Source: EPI analysis of Current Population Survey Outgoing Rotation Group microdata from the U.S. Census Bureau
As shown, the bottom 60 percent of those with a college degree still have lower wages than they did in 2000. The 50th-percentile wage among those with bachelor’s degrees was 2.4 percent lower in 2018 than it was in 2000, while the 90th-percentile wage of those with bachelor’s degrees was 9.8 percent higher. (The 95th wage percentile for college graduates is fraught with “top-coding” issues making it difficult to obtain reliable measures of high-end wages and wage growth, as discussed in The State of Working America Wages). What’s clear from the data is that less than 40 percent of college-graduate wages have experienced any growth since 2000.
Between 2000 and 2018, the median high school wage also fell (-1.5 percent), while the 95th percentile high school wage grew 7.1 percent. If we compare (raw) high school and college wages at the middle of each distribution, we see that median college wages are no higher than high school wages in 2018 than they were in 2000. If anything, the gap actually narrowed ever so slightly between 2000 and 2018.
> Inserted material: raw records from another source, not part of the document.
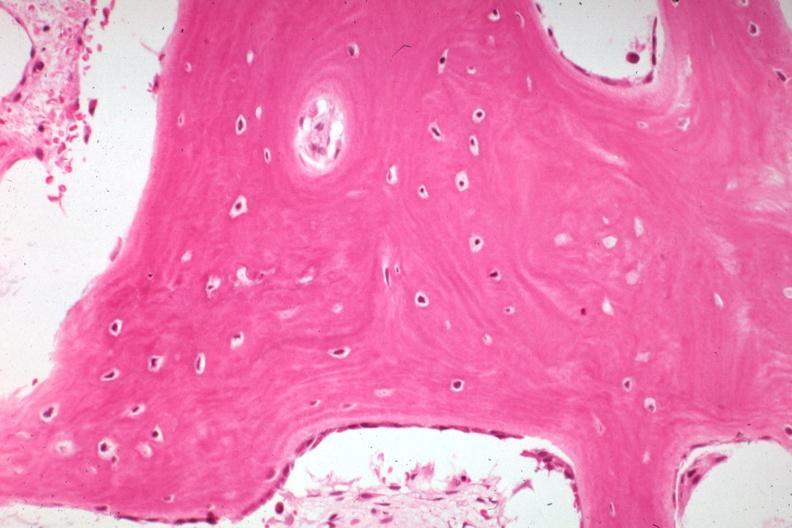what is present?
Answer the question using a single word or phrase. Joints 
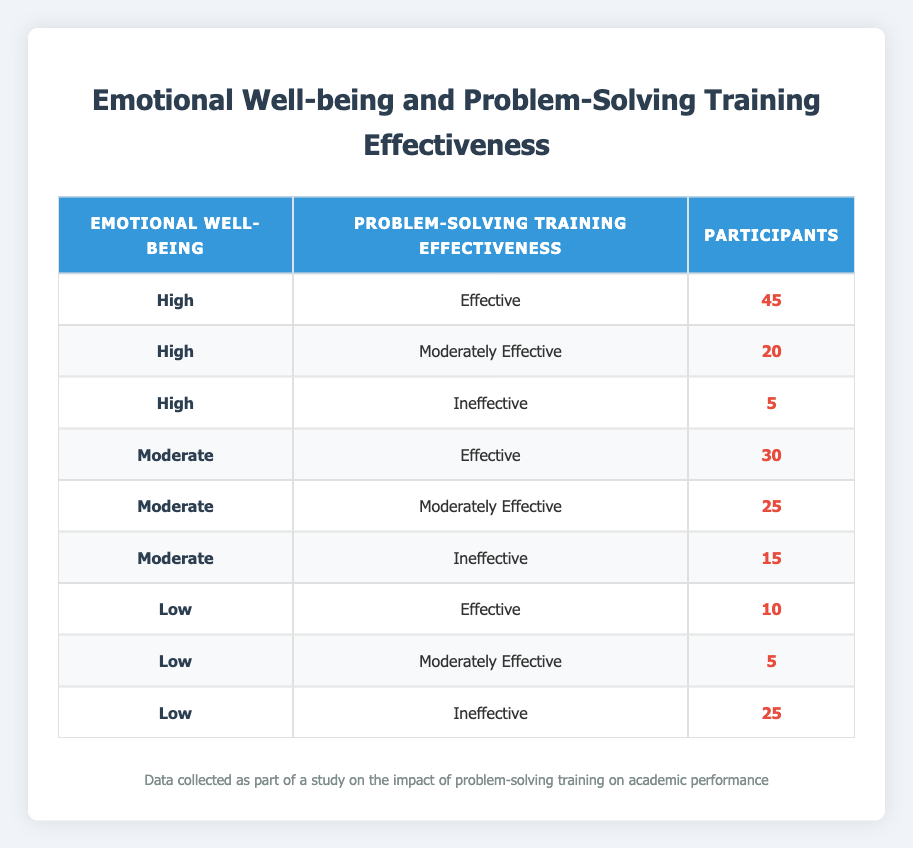What is the total number of participants with high emotional well-being? The rows that show "High" in the Emotional Well-being column are: Effective (45), Moderately Effective (20), and Ineffective (5). Adding these together gives: 45 + 20 + 5 = 70.
Answer: 70 How many participants found the problem-solving training to be ineffective when their emotional well-being was low? There is one row for participants with low emotional well-being labeled "Ineffective," which shows 25 participants.
Answer: 25 What is the average number of participants for each level of emotional well-being? The number of participants for each level is High (70), Moderate (70), and Low (40). Calculating the average: (70 + 70 + 40) / 3 = 60.
Answer: 60 Is it true that more participants with high emotional well-being rated the training as effective than those with low emotional well-being? High emotional well-being effective participants: 45; Low emotional well-being effective participants: 10. Since 45 is greater than 10, the statement is true.
Answer: Yes What is the difference in the number of participants rating the training as moderately effective between those with moderate and high emotional well-being? For high, there are 20 participants who rated it as moderately effective; for moderate, there are 25 participants. The difference is 25 - 20 = 5.
Answer: 5 How many total participants rated the problem-solving training as effective across all emotional well-being levels? Participants who rated it as effective are from High (45), Moderate (30), and Low (10). Adding these gives 45 + 30 + 10 = 85.
Answer: 85 What percentage of participants with moderate emotional well-being found the training ineffective? The ineffective participants with moderate emotional well-being are 15 out of a total of 70 (30 effective + 25 moderately effective + 15 ineffective). The percentage calculation is (15 / 70) * 100 = 21.43%.
Answer: 21.43% How many participants in total are there with moderate emotional well-being? For moderate emotional well-being, the rows are Effective (30), Moderately Effective (25), and Ineffective (15). Adding these together gives 30 + 25 + 15 = 70.
Answer: 70

Increases in inequality over the last 18 years clearly cannot be explained away by claims that employers face a growing shortage of college graduates and that, correspondingly, wage inequality is some unfortunate side effect of the positive gains from automation that we neither can nor would want to alter. There are plenty of good reasons to provide widespread access to college educations and skill development, but expanding college enrollment and graduation is not an answer to escalating wage inequality.